Nobody will even know that your project exists. If you have a product - promote it. If you don’t, it will be lost, nobody will find it, and you will just waste your time.

But how to promote your project? The internet is one of the worst places for product promotion because of the high level of spam, it costs a lot and gives low conversion rates.

The goal of any social media platform is to lock their users into an echo chamber, to retain user engagement, so they hide any posts that have not been paid.

Good news, open source is a good platform for promotion.

If you push your pain-fixing open source tool to the right crowd early, it might gain traction.

Open source projects have a lot of benefits, including capacities to build trust in your product and team.

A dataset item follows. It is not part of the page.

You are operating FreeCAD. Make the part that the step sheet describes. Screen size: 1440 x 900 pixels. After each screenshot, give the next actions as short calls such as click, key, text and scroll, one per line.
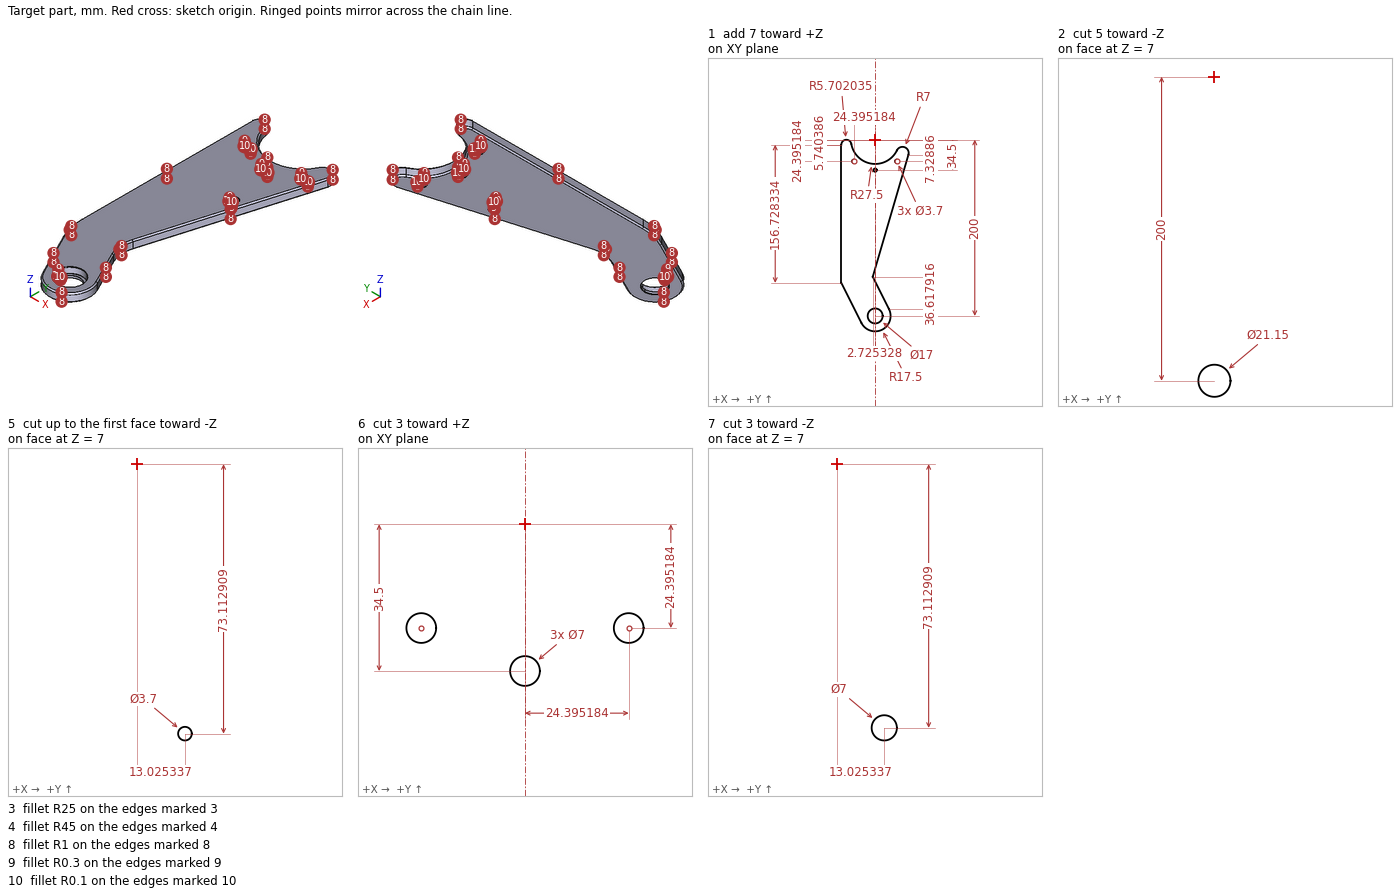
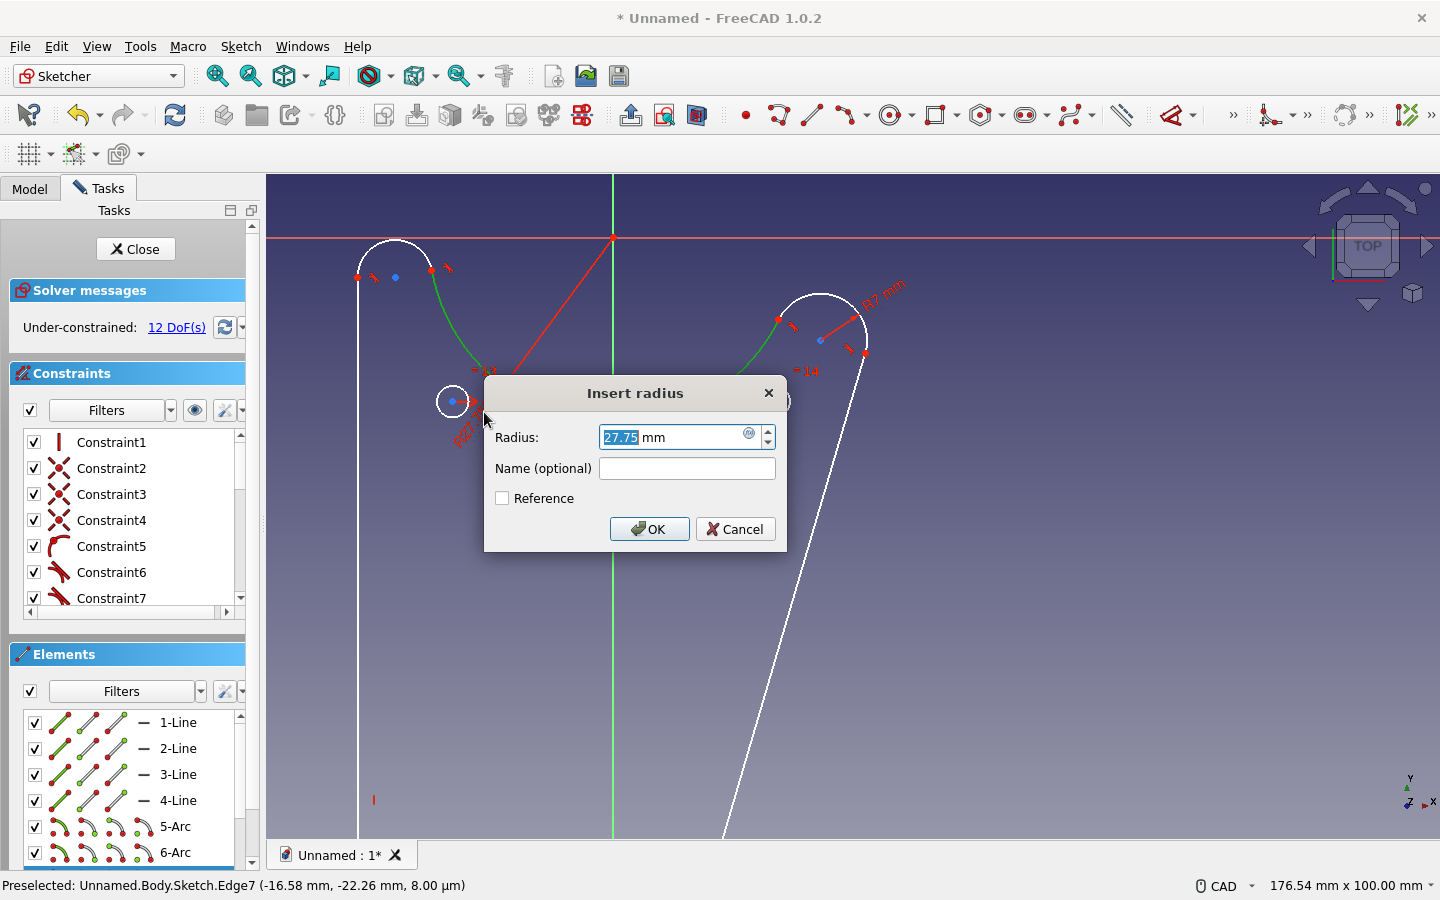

Personally, I’m trying to avoid proprietary software since it has no foundation of trust. Any trust is already destroyed at the first step when a developer spends money to lead me to an app store where there are no links to the source code. Because such software may do anything on my device and I have no chance to figure out how exactly it works. I can’t even report bugs or track how development goes.

At PrimeBits, we avoid software that cannot be self-hosted or modified for our needs.

Of course, open source also means that your code may be stolen by some big corporation to sell it as a cloud service, or to modify it for their needs. But those are problems that are good to have.

As a developer, you should use your open source products to build trust and promote related products and services. This is how many open source companies actually make money.

In my case, when Linguist started growing, I got 4 new clients for PrimeBits per one year. They reached us through GitHub, and we built products for them, paid our staff and made enough to maintain Linguist for free. Every such client made us profit in several orders of magnitude higher than $700 per year.

This is one of the most efficient models in terms of time and money. It makes the maintenance of projects with open source code viable, unlike the donations model that can’t even cover the cost of a nice mountain bike that saves you from burnout.

Contribute back!

Promotion is crucial for any open source project for both sides, for the developer and for users.

Because if you, as a user, found some nice open source project and you do not participate in making it popular, you have a chance to find that a project is lost maintainer.

As I said, donations in open source projects are too small to motivate developers to do anything. $10 or $100 is not enough to drive development.

If you love an open source project, don’t throw a few bucks and move on. Spread the word — your voice is worth more than any donation.

This is more valuable and equal to donating a few thousand dollars.